I kneel beside a bag of mulch, digging with a trowel between two stone-encased flowerbeds, when the thought of our future holiday in Russia makes me hum “Vacation” by the Go-Gos. I added the trip to my bucket list after Aunt Masha’s funeral. I’m hoping to visit the graves of my great grandparents. My husband Eric says he wants to see the tattooed man in the Hermitage Museum. He teaches history at the Swedish School of London. Once he’s home from work, we’ll talk more about the possible recovery of real estate that belonged to my family before the Bolshevik Revolution and establish a list of priorities for our weekend in St. Petersburg. I clear away a layer of dead leaves, then scratch lines in the hard-packed earth. It would be brilliant to discover a Roman mosaic under the abandoned flowerbeds. The final step is to slip in a shovel and lift away dirt. But, wait. What’s this? I scrape a bit more and unearth a small, soil-encrusted ball. I rub off the dirt. I’ve found an old marble. Orange swirls through the gorgeous green.
~
Two weeks later, Erik and I fly from London to Stockholm. After a night in the city, we take a train to Arlanda airport. I strap my violin case to my back and off we go via elevator, following the yellow Departures signs. At the turnstile, Erik meets his son Martin, a second-year university student in Uppsala. The two men greet each other with a great slapping of arms and chuckles of endearment while I jot a few words on a postcard for my parents in San Francisco.
On the walk to our gate, we stop at a kiosk, where I buy a bag of Daim chocolate, some oranges, and the most recent James Bond. Erik picks up the latest issue of Newsweek. As I reach into my pocket to check on Aunt Masha’s treasure map, I lose my balance and trip over a metal bar between the tiled walkway and the SAS passenger lounge. Everything in my arms goes flying: Lonely Planet guidebook, fruit, Death is Forever.

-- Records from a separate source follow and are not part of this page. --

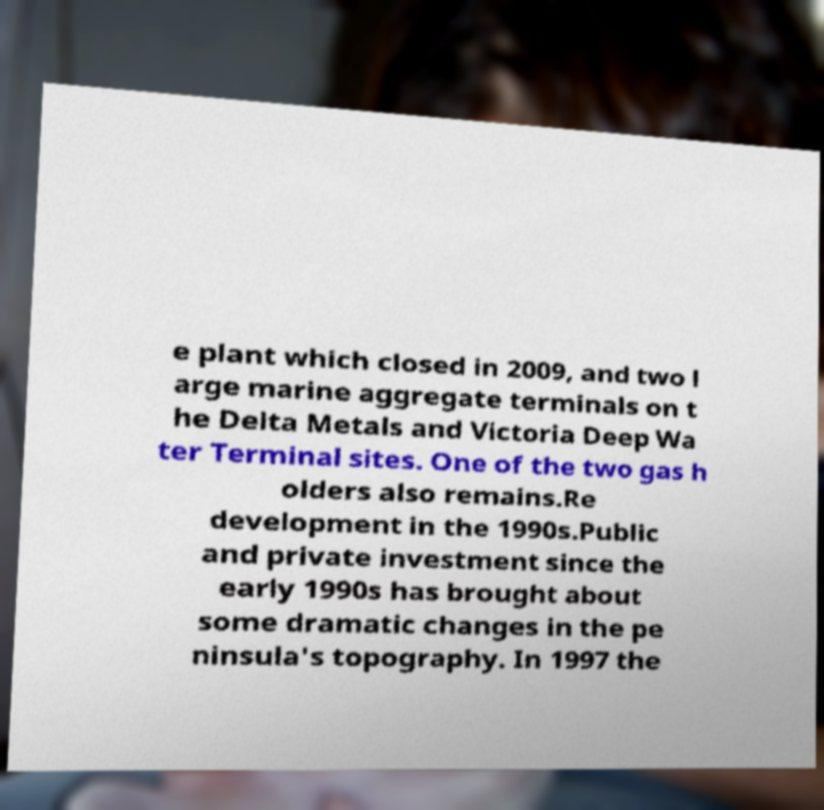For documentation purposes, I need the text within this image transcribed. Could you provide that? e plant which closed in 2009, and two l arge marine aggregate terminals on t he Delta Metals and Victoria Deep Wa ter Terminal sites. One of the two gas h olders also remains.Re development in the 1990s.Public and private investment since the early 1990s has brought about some dramatic changes in the pe ninsula's topography. In 1997 the 
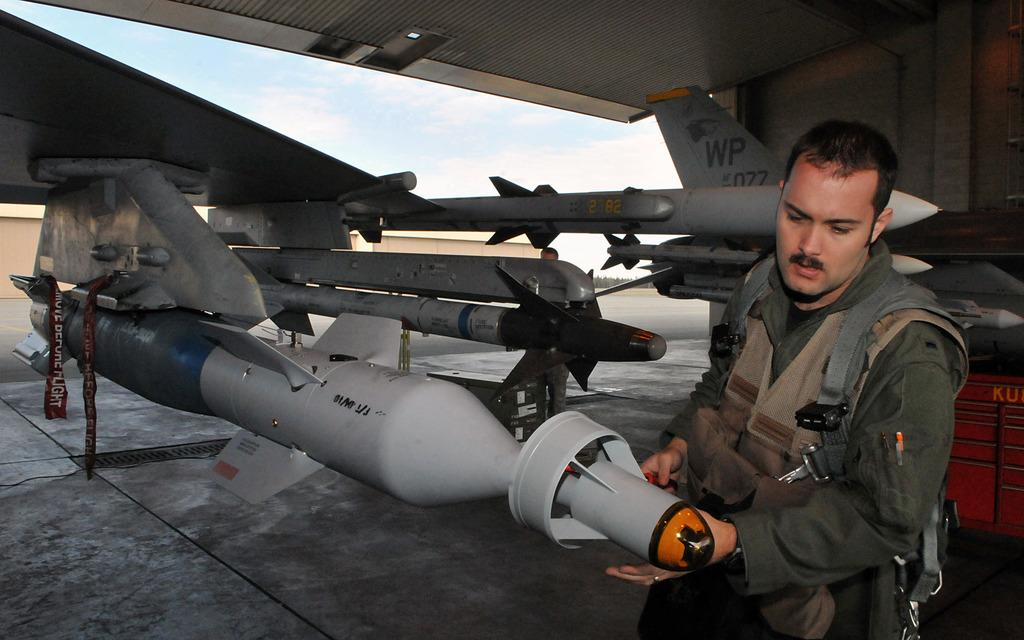<image>
Present a compact description of the photo's key features. A man inspects a rocket; the word flight can be seen in the background. 
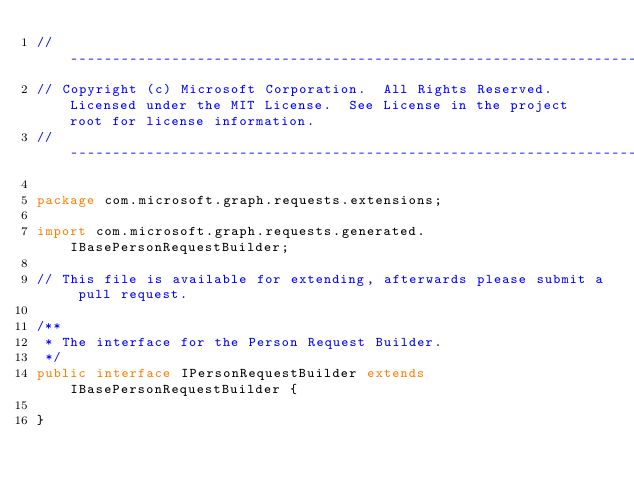Convert code to text. <code><loc_0><loc_0><loc_500><loc_500><_Java_>// ------------------------------------------------------------------------------
// Copyright (c) Microsoft Corporation.  All Rights Reserved.  Licensed under the MIT License.  See License in the project root for license information.
// ------------------------------------------------------------------------------

package com.microsoft.graph.requests.extensions;

import com.microsoft.graph.requests.generated.IBasePersonRequestBuilder;

// This file is available for extending, afterwards please submit a pull request.

/**
 * The interface for the Person Request Builder.
 */
public interface IPersonRequestBuilder extends IBasePersonRequestBuilder {

}
</code> 
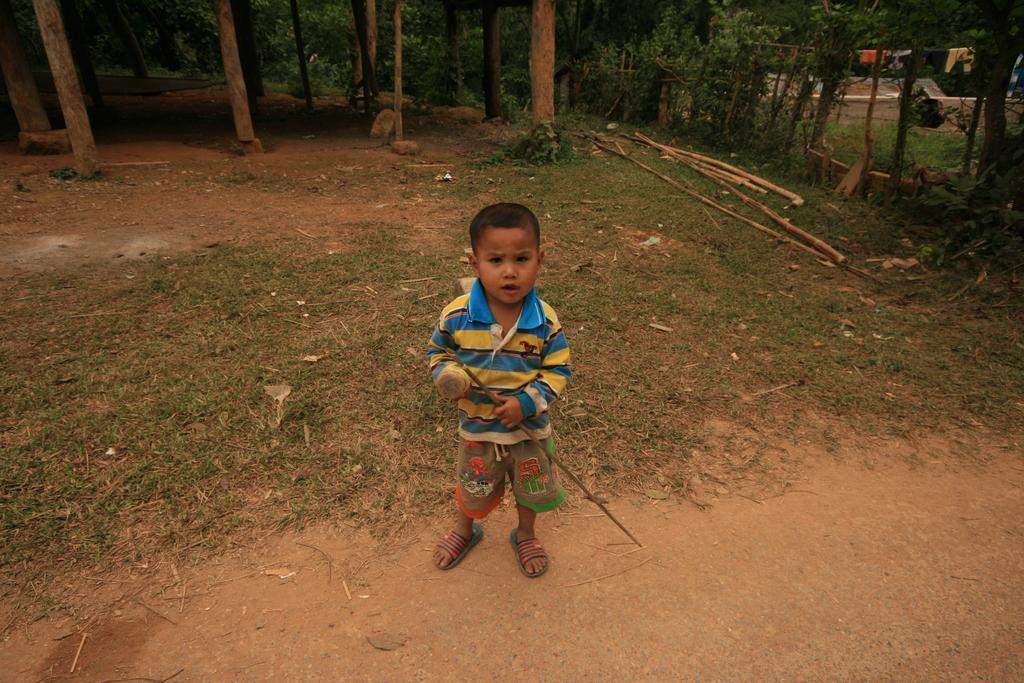Please provide a concise description of this image. In the center of the image, we can see a boy holding a stick and in the background, there are trees, poles, some logs and we can see clothes hanging on a rope. 
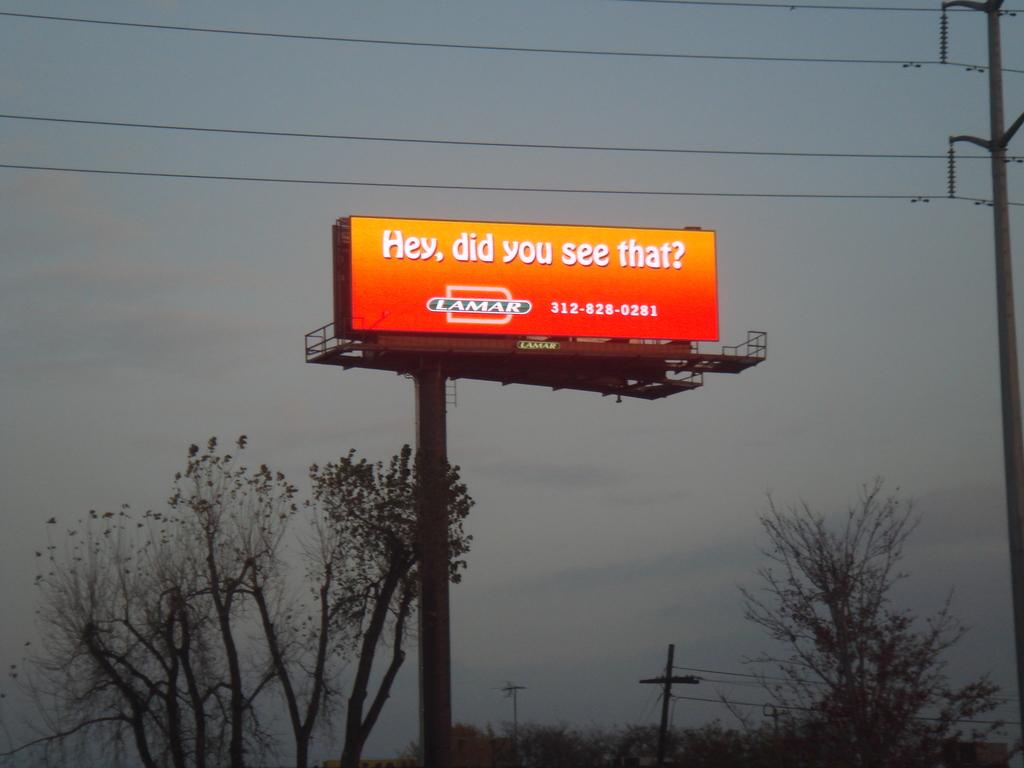Provide a one-sentence caption for the provided image. A company called Lamar poses a cryptic question with an orange billboard.

A man in a pale yellow suit powers past, wheeling a suitcase, sleek and sturdy, like its owner. We follow the stranger to a row of connected seats and sit down nearby. I examine his high cheekbones and coarse black hair, drawn into a neat ponytail. Even more striking is the three-piece suit, custom-made by an Armani wannabe. How extraordinary the color, like egg yolk beaten with sugar. The suit hints at privilege and a certain ruthlessness required to achieve high social rank in modern Russia. I watch him excavate a narrow box from a shopping bag. He takes his time fastening the clasp on a gold watch. With a grunt of satisfaction, he extends his wrist and mutters something, no doubt words of gratitude to the Gods of Patronage, who allow such toys.
“Must be a Mafioso,” I say under my breath.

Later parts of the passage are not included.